Central & Remote: December 23rd-25th

A round up of the best/weirdest things to do this weekend in Toronto

 

 Friday December 23rd

Prince’s fourth studio album, Controversy, was released 30 years ago. Obviously  that means Purplelectricty is throwing a party. After all, they have been putting on these parties for the last eight years. If you boast being the only reoccurring Prince themed video dance party in Canada for that long you probably know what you’re doing. Head down to Clinton’s (693 Bloor St W) for 10PM with your $5 cover.

Want to see some local bands and eat cake? Edgewater Hotel, Satelites (yes, spelled with only one “l”), and Maybe Refuge are playing at the Velvet Underground and they promise there will be cake. They take cake seriously. $5 gets you in, doors at 8:30PM.

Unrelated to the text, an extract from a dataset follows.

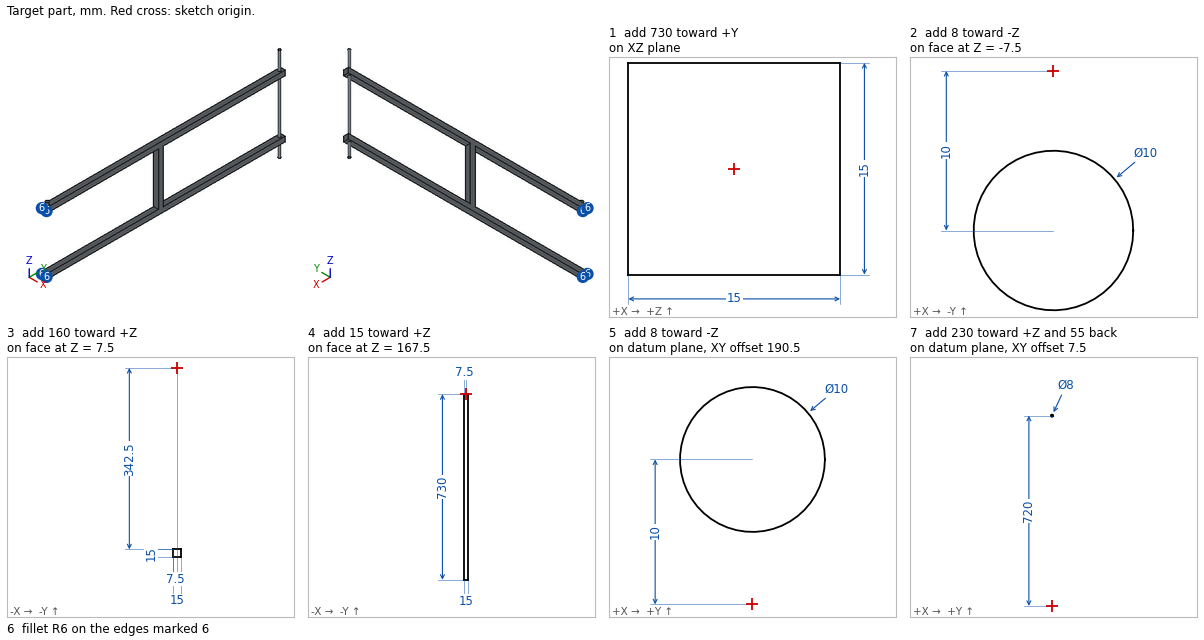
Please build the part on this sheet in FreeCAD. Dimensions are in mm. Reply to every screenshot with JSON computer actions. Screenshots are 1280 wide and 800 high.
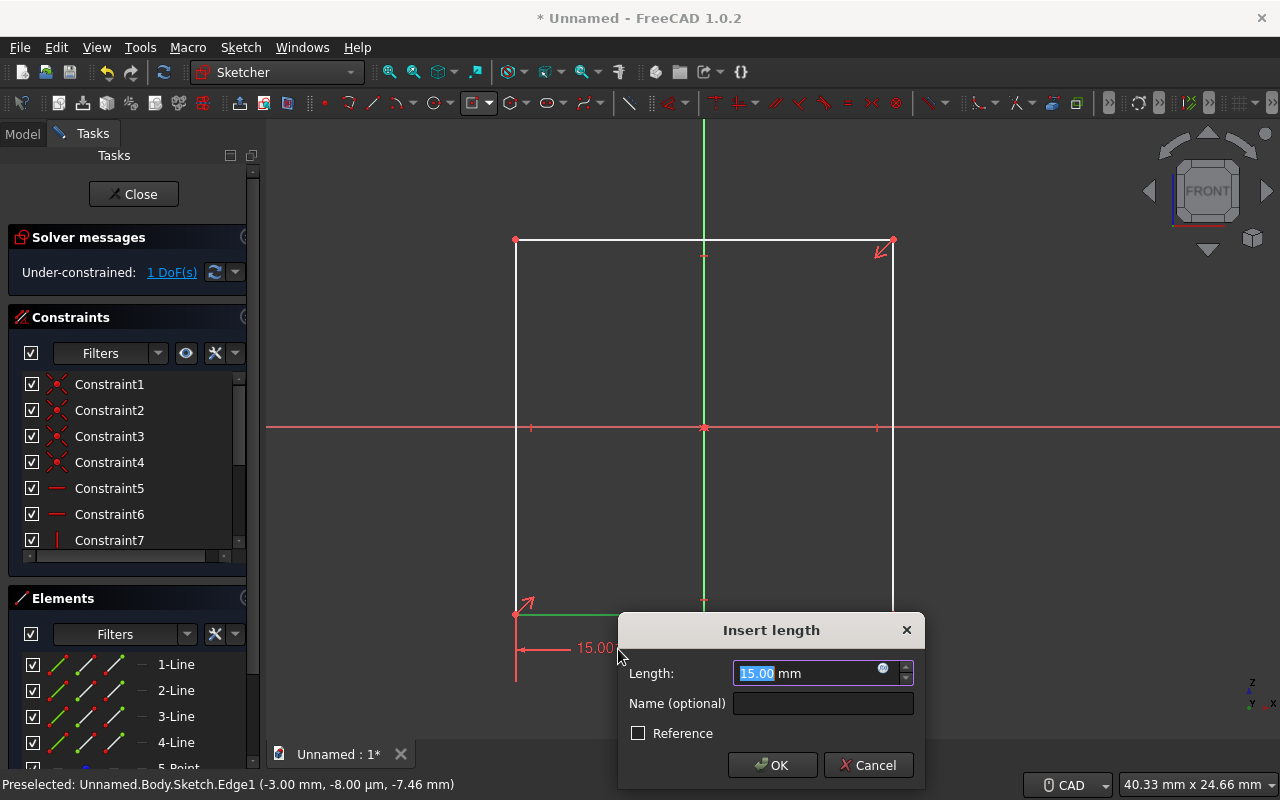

Headstones at Sound Academy

Shabamzy at Hard Luck Bar

Old waves, new waves, soul, funk, disco, hip-hop at The Shop under Parts & Labour

Cookies and egg nog at the Auld Spot Pub

Cold Crystal at Cold Tea

Tiger Bar Bounce with DJ LUM (Liam from First Rate People)

 

Saturday December 24th

Toronto, you’re a strange and wonderful place sometimes. Where else would you be able to attended Salsa practice, fill up on a homemade turkey diner at a bar, and later dance the night away at something called the Matzoball Party (presented in part by two separate frozen yogurt companies) on Christmas Eve? Oh, and if you’re up for it there’s the Canadian Afghan indoor soccer tournament.

 

Sunday December 25th

I’ve only been in Toronto for six months, so someone is going to have the explain the tradition at Disgraceland that is known as “Christmas Day Night Sibling Drinking Festival”. That’s assuming there even is an explanation.

It’s Christmas Day! Why not go have dinner at an airport hotel? Or, head out to a Cuban-style dance party and get salsa lessons for $5? Better yet? Why not spend it with family (nuclear or urban, whatever family means to you), or volunteer at a soup kitchen…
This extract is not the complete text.